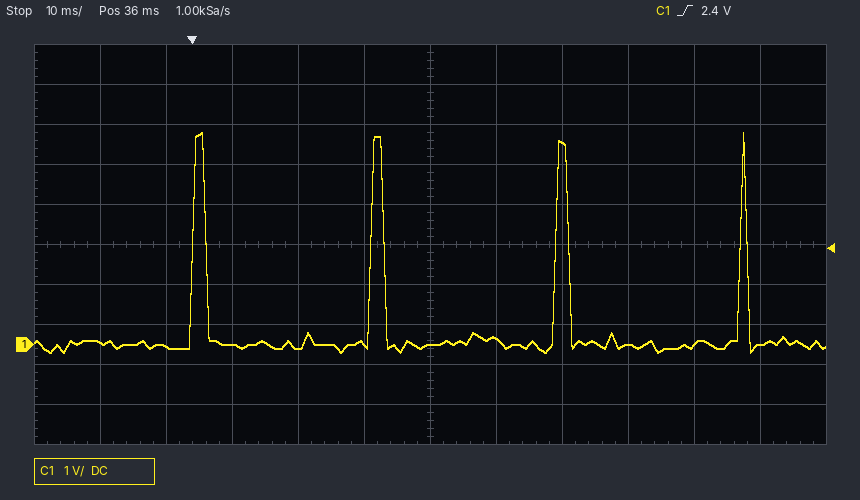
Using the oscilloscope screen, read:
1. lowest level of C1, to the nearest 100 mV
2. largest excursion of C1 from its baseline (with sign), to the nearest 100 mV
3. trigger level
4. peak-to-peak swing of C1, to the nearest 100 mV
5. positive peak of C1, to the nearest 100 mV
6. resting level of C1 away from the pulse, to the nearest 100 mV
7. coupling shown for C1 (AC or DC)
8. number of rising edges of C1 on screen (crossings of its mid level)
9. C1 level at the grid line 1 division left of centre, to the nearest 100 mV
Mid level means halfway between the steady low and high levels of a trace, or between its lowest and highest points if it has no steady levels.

-200 mV
+5.3 V
2.4 V
5.5 V
5.3 V
0.0 V
DC
4
0.0 V

--

◆ WHAT IS REQUIRED
Each record above should be repeated exactly, please, without pictures.

◆ RESPONSE AREA
Using the oscilloscope screen, read:
1. lowest level of C1, to the nearest 100 mV
2. largest excursion of C1 from its baseline (with sign), to the nearest 100 mV
3. trigger level
4. peak-to-peak swing of C1, to the nearest 100 mV
5. positive peak of C1, to the nearest 100 mV
6. resting level of C1 away from the pulse, to the nearest 100 mV
7. coupling shown for C1 (AC or DC)
8. number of rising edges of C1 on screen (crossings of its mid level)
9. C1 level at the grid line 1 division left of centre, to the nearest 100 mV
Mid level means halfway between the steady low and high levels of a trace, or between its lowest and highest points if it has no steady levels.

-200 mV
+5.3 V
2.4 V
5.5 V
5.3 V
0.0 V
DC
4
0.0 V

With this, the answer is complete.